Lab 04: Histogram
Learning Goals
After this lab you should be able to agree with each of the following statements.
I can handle File-based IO with Java:
- I can read from a text file using a Reader, eg. BufferedReader.
- I can write to a text file using a Writer, eg. BufferedWriter.
- I close my streams after I finished reading or writing.
- I can use try-with-resources to make sure that in the end, a resource is always closed
I can handle Exceptions:
- When a method could throw an exception, I know how to handle it with a try-catch-block.
- When a method could throw an exception, I know how to pass it on to whatever calls the method.
- I can throw a fitting exception (eg. IllegalArgumentException) if I detect user input that does not fit my use case.
- I can look up exceptions I don’t know yet in the Java Documentation
I can effectively use the data type “char”:
- I know how to cast a char to an int.
- I know how to cast an int to a char.
- I know how to normalize a letter from the alphabet.
- I can find out which letter corresponds to which ASCII code and vice versa.
Pre-Lab
Please think through the following questions before coming to the lab. Write down your answers and be prepared to answer them in class.
P1. In some programming languages, such as Ada, you can define an array of characters with any discrete type as the index:
someArray : ARRAY ['A' .. 'Z'] of INTEGER;
You can then access the array, for example, using a value of character type: someArray[‘T’]. Java does not have this feature. How would you go about making an array in Java for representing counters for the letters ‘A’ to ‘Z’?
P2. Normalization of Strings means transforming all Strings to either uppercase or lowercase before comparing them. Write a method that takes a character as a parameter and returns a normalized version of the character without using the methods available in the Java String class.

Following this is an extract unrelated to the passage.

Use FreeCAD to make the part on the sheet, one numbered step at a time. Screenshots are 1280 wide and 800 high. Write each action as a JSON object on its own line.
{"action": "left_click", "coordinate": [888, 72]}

P3. What is a “carriage return”? Where does the name come from?
P4. What is a “histogram” again?
Assignment
Write and test a method that returns the next character in a file. Note that you have to do something with the carriage returns - such as ignoring them - and that you have to decide what to do when there are no characters to be returned. Make sure that you will be able to read large files, as well.
Find out how to write a String to a file, how to write an Integer and an int to a file. Find out how to create a file.
Now the fun begins! Write a Java application to read in a file character by character, counting the frequencies with which each normalized character occurs. When there are no more characters, create a file frequency.txt and output the frequencies for each character. Note that you should only count the ASCII characters between ‘A’ and ‘Z’ and ‘a’ and ‘z’, using the char type.
Write a test method to see whether your program counts correctly. The test method can contain multiple test cases. For testing it is useful to have a count() method that counts from a parameter of a type that you can feed both a String to from the tests as well as an input source from a file. Reader is one possible solution, use it with a BufferedReader for reading the file, and with a StringReader from the tests:
```public void count(Reader reader)```
Write a method that returns the most frequent character, include a test for it.
Output a histogram of the character frequencies. One simple kind of histogram has horizontal lines proportional to the magnitude of the number it represents. For example:
A : ********** B : ***** C : ******
Try out your program with a big file, fpr example the 1M english news file from the Leipzig Corpora Collection.
For the bored
- Extend your program such that it either takes input and output file names as parameters, or use standard in and standard out if no parameters were given.
Lab Report / What to turn in
All info on the lab reports can be found on the Labs page.
Additional requirements for this lab:
- Answer the following questions: What is the complexity of your program? Why?